For me, complex function theory was a revelation bordering on a mystical experience….With Cauchy’s theory of complex integration one could almost without effort, calculate the values of a seemingly endless number of incredibly odd, strange, and downright wonderfully mysterious-looking definite real integrals….Such calculations were to me, then, seemingly possible only if one had the powers of a sorcerer.⁴

One example of a practical application of Cauchy’s formula for complex variables is in solving an integral from the equation of motion for a planet with an elliptical orbit, which leads to the famous result of Kepler’s Third Law of Planetary Motion. A completely different use of complex numbers arises in the research field of computational nanoelectronics. Analyzing electron transmission through nanoscale structures routinely includes considering information revealed by the imaginary part of the complex variable associated with the energy of the electrons.

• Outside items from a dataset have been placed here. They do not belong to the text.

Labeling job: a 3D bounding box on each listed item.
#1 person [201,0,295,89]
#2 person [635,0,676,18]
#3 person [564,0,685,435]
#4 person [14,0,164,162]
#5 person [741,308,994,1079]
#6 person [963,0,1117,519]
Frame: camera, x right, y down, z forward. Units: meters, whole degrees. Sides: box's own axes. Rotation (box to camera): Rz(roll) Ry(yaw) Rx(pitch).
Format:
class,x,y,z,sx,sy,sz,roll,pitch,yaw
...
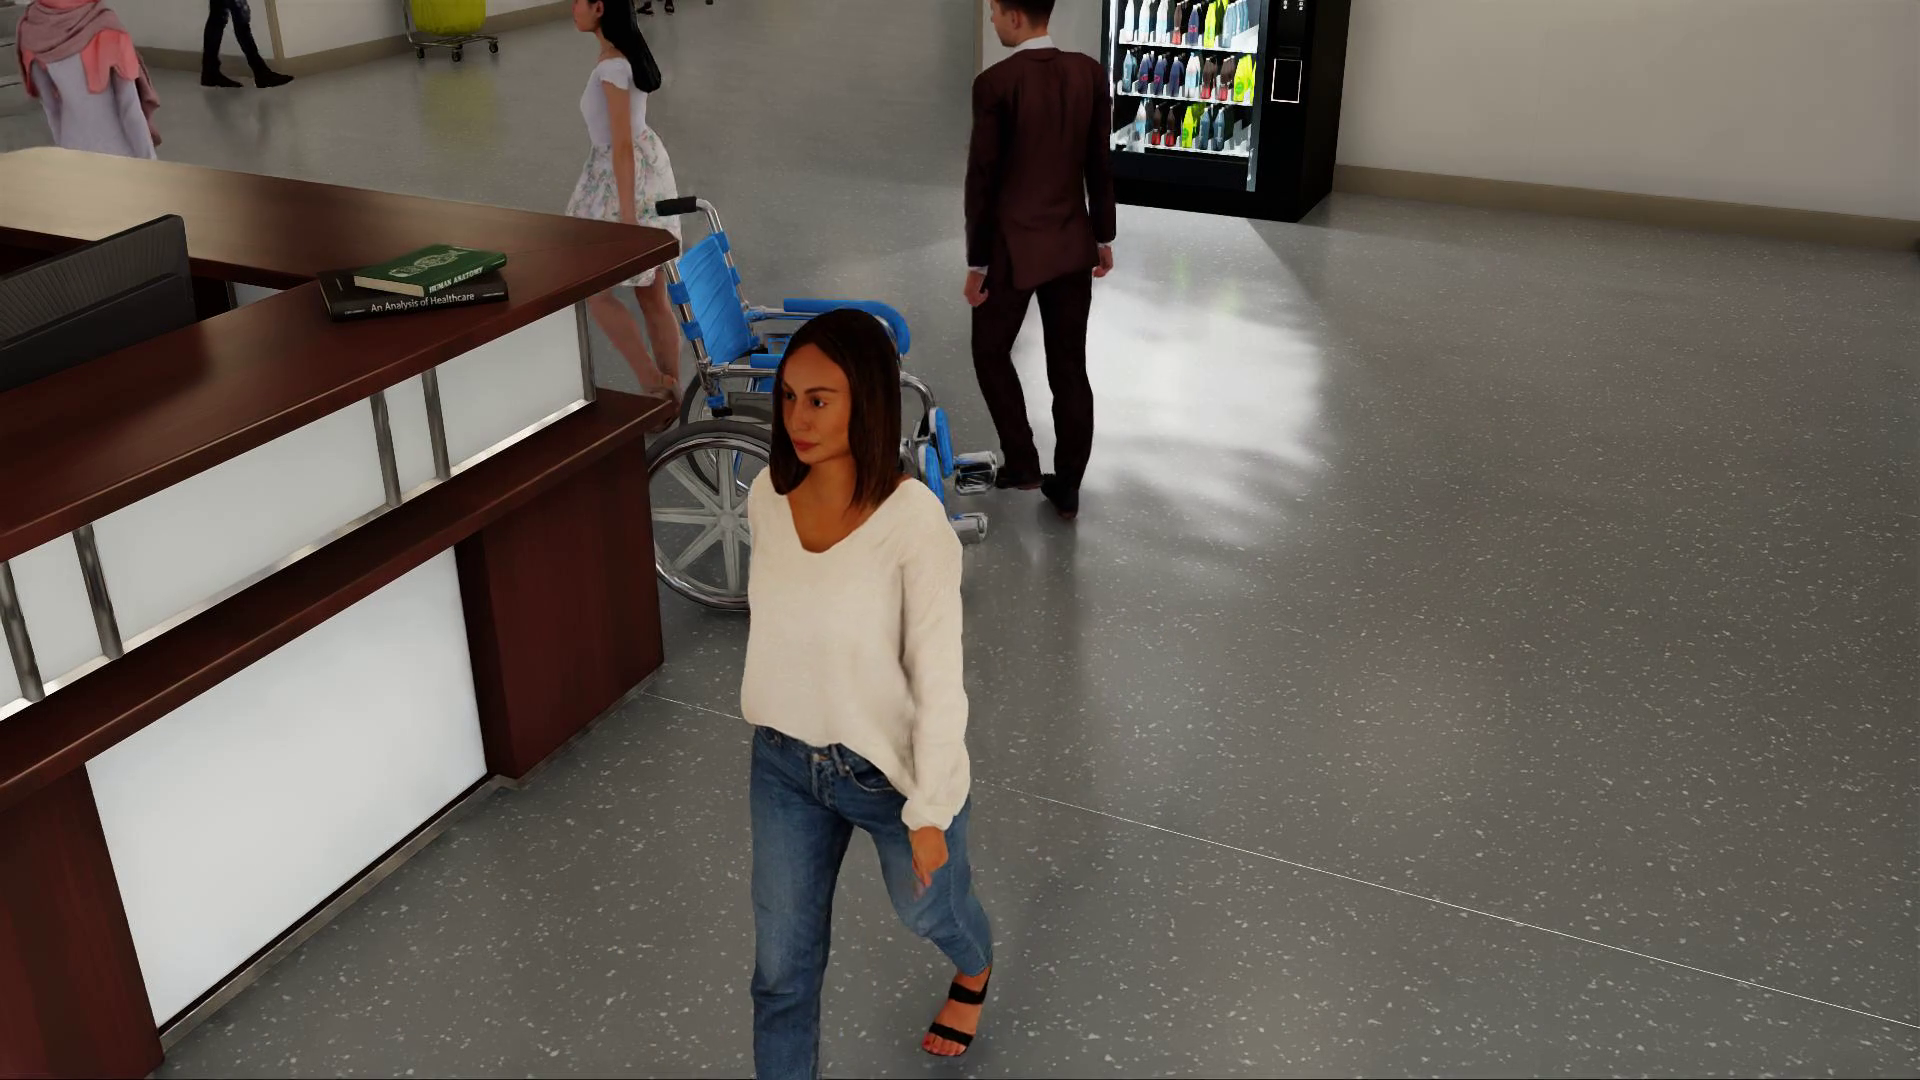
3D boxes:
class,x,y,z,sx,sy,sz,roll,pitch,yaw
person,-5.698,-4.352,12.558,1.141,1.867,0.998,0,26,1
person,-3.026,-6.043,16.120,0.748,1.818,0.755,-14,29,-27
person,-1.128,-1.214,6.166,0.773,1.765,0.735,2,26,4
person,-3.450,-1.448,6.636,1.148,1.779,0.983,1,26,2
person,-0.121,0.392,2.976,1.005,1.643,0.766,16,30,29
person,0.281,-0.925,5.472,0.885,1.849,0.927,-10,27,-19

The following statement is from an article on currents circulating around a benzene ring molecular structure.

The positions of the transmission zeros and poles in the complex energy plane, and their possible interference or even complete cancellation of each other, are shown to correlate with the amplitude and resonance structure of the circular transmission resonances.⁵

What Does All This Have to Do with Intelligent Design? 

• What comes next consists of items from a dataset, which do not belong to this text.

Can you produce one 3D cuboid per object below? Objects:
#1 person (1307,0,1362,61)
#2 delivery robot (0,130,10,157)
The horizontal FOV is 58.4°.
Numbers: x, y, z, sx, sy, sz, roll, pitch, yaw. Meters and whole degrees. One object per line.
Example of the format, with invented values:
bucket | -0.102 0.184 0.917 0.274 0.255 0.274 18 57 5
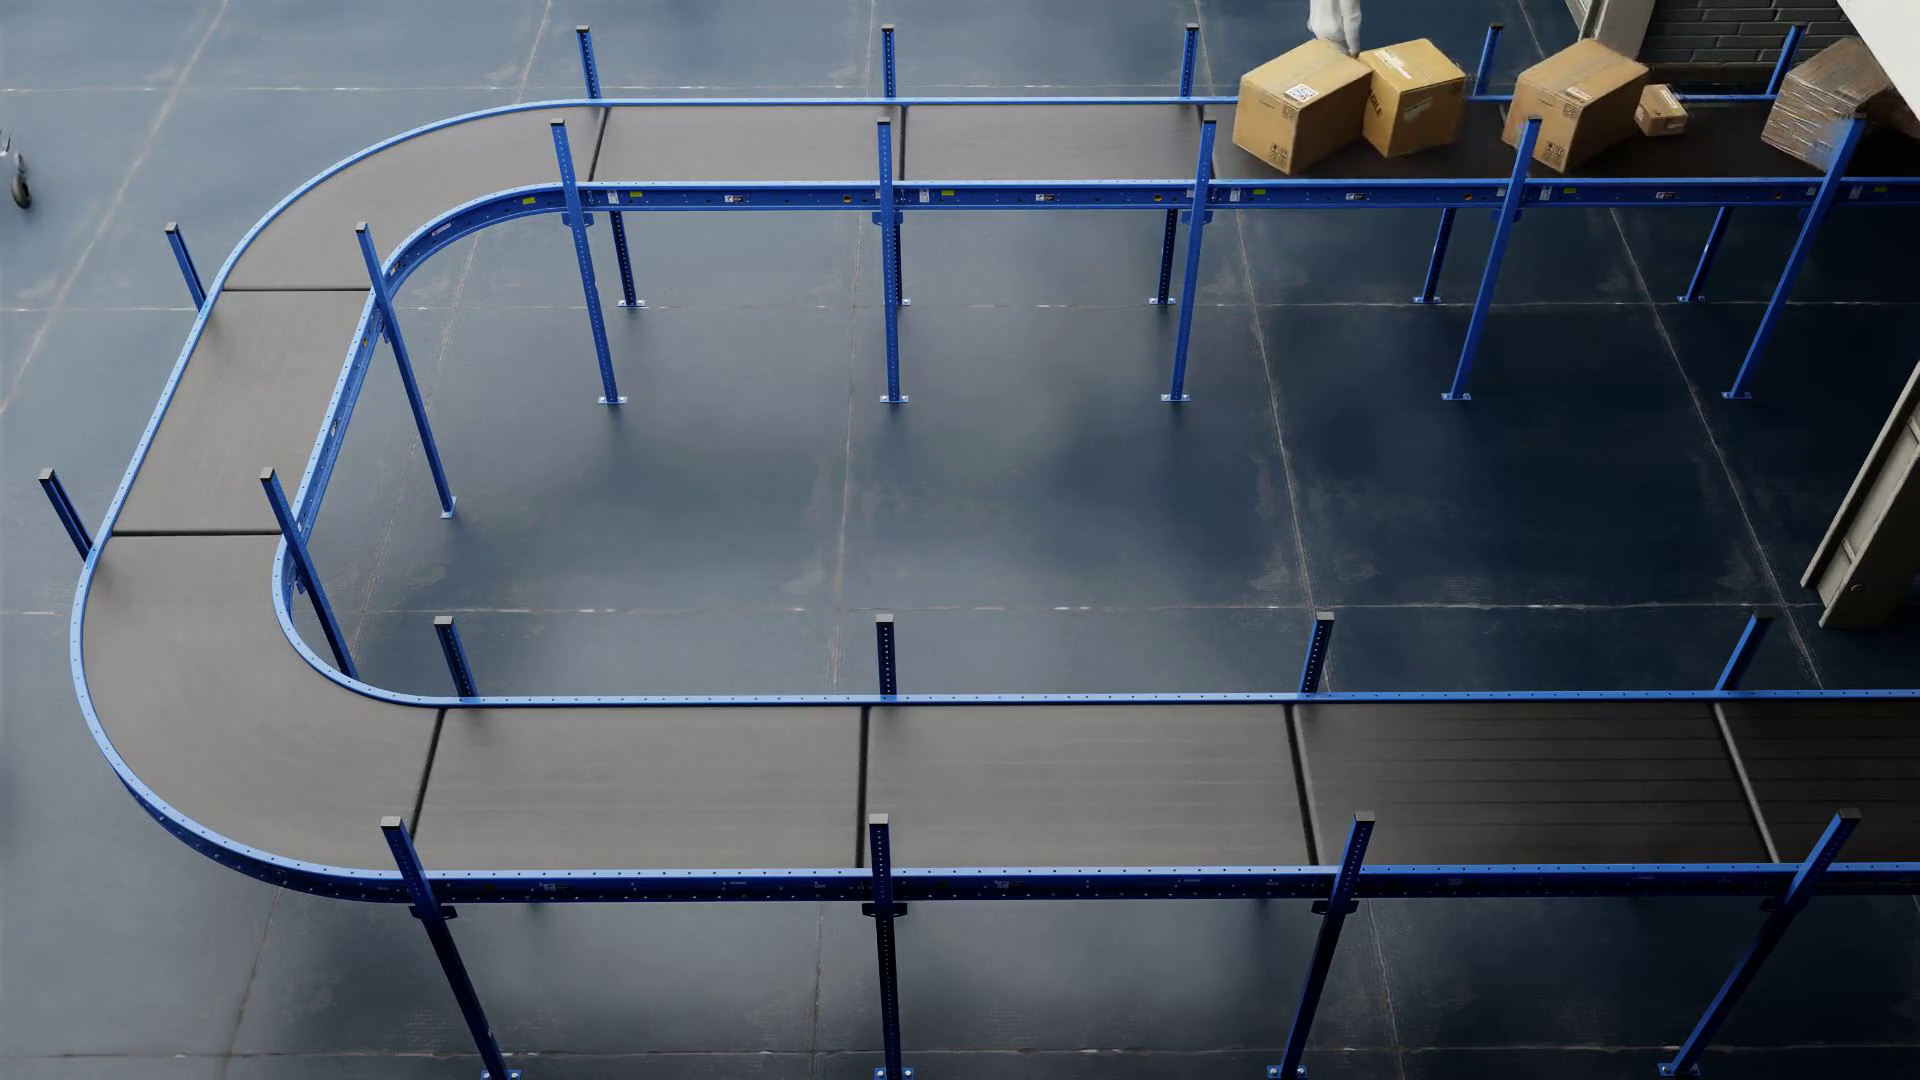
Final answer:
person | 3.109 -4.110 13.801 0.682 1.919 0.665 -9 48 -8
delivery robot | -7.750 -3.116 13.584 0.335 0.223 0.698 -11 48 -10
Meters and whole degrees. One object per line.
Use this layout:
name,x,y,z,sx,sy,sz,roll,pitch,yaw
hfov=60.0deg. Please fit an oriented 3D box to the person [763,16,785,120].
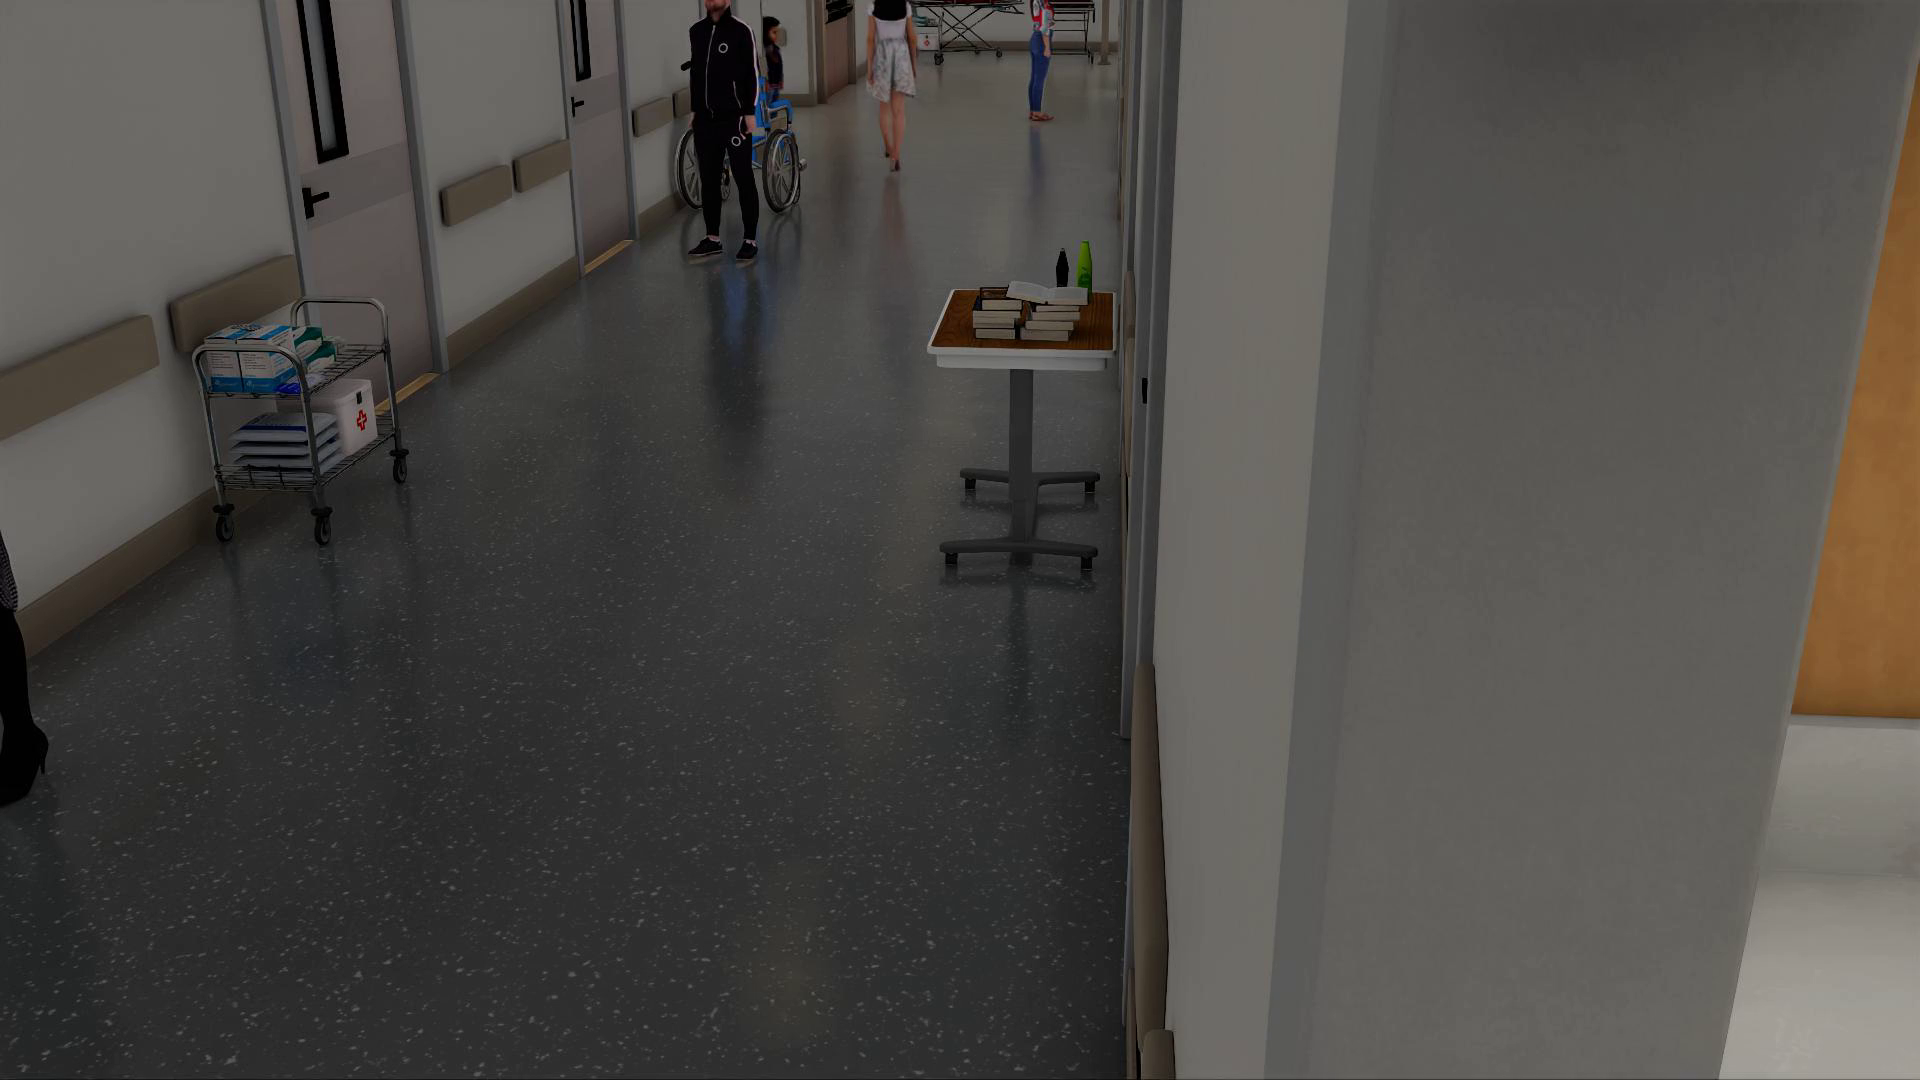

I think that the discovery of the almost unbelievably practical applications of complex number theory — derived from the bold intellectual extension of real numbers into the two-dimensional realm — is so “wonderfully mysterious” that it seems more consistent with a buried treasure we were intended to find than a prodigious bit of unexpected luck encountered by accidental beings in a happenstance universe.

For centuries, mathematicians discounted the “imaginary” solutions of equations involving the square roots of negative numbers. But when these nonsensical outcomes of mathematical manipulations were tentatively embraced and explored, they revealed a hidden usefulness without which our quantitative formulations of reality would be severely curtailed. If the extension of our familiar one-dimensional number line to a two-dimensional complex number plane proved fruitful, who’s to say that a further extension of numbers to encompass a complete three-dimensional volume might not disclose further unimaginable treasures?⁶

Notes

1. Paul J. Nahin, An Imaginary Tale: The Story of √(-1), (Princeton University Press, 1998), 5-6.
2. Mary L. Boas, Mathematical Methods in the Physical Sciences, 3^rd ed. (Hoboken, NJ: John Wiley & Sons, Inc., 2006), 47.
3. Boas, Mathematical Methods in the Physical Sciences, (2006), 6.
4. Nahin, An Imaginary Tale, (1998), 188.
5. Eric R. Hedin, Arkady M. Satanin, and Yong S. Joe, “Circular transmission resonances and magnetic field effects in a ring of quantum dots connected to external leads in the meta-configuration,” Jnl. of Computational Electronics, June 2019, Volume 18, Issue 2, pp 648–659. DOI 10.1007/s10825-018-01291-2.
6. A speculation on what a 3-dimensional number might correspond to is suggested by the mathematical impossibility of the square root of a negative number, which led to the two-dimensional plane of complex numbers. Another mathematical “impossibility” is the problematic case of division by zero, giving infinity. Perhaps the three-dimensional space above and below the complex number plane is populated by quantities (call them complete numbers) that correspond to complex numbers divided by zero. This hint is not without basis, as complex numbers that lead to infinities in real quantities (such as the transmission amplitude) have turned out to have practical significance (signifying the energy width of the transmission resonance). Furthermore, Cauchy’s formula, referred to above, actually exploits the existence of points in the complex plane that lead to infinites.